### Problem to work on:
Transcribe all of the data exactly. Omit the pictures.

[Dataset items]
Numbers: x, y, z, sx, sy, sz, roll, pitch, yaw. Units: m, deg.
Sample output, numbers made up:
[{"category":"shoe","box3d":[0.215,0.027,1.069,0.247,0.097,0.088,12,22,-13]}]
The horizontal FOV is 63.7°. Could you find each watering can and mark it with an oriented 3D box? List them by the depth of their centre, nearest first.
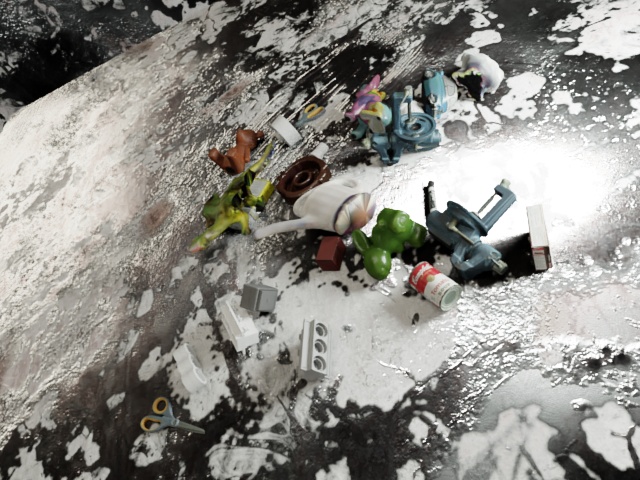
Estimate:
[{"category":"watering can","box3d":[0.004,-0.070,1.396,0.352,0.102,0.226,-37,39,-29]}]

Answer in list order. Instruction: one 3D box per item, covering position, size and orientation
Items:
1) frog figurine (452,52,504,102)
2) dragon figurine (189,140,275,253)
[{"category":"frog figurine","box3d":[0.478,-0.506,1.516,0.138,0.120,0.162,32,60,10]},{"category":"dragon figurine","box3d":[-0.283,-0.129,1.588,0.242,0.120,0.419,-5,51,39]}]

### Answer for the task:
Numbers: x, y, z, sx, sy, sz, roll, pitch, yaw. Units: m, deg.
Sample output, numbers made up:
[{"category":"shoe","box3d":[0.215,0.027,1.069,0.247,0.097,0.088,12,22,-13]}]
The horizontal FOV is 63.7°. Could you find each watering can and mark it with an oriented 3D box? List them by the depth of their centre, nearest first.
Estimate:
[{"category":"watering can","box3d":[0.004,-0.070,1.396,0.352,0.102,0.226,-37,39,-29]}]

Answer in list order. Instruction: one 3D box per item, covering position, size and orientation
Items:
1) frog figurine (452,52,504,102)
2) dragon figurine (189,140,275,253)
[{"category":"frog figurine","box3d":[0.478,-0.506,1.516,0.138,0.120,0.162,32,60,10]},{"category":"dragon figurine","box3d":[-0.283,-0.129,1.588,0.242,0.120,0.419,-5,51,39]}]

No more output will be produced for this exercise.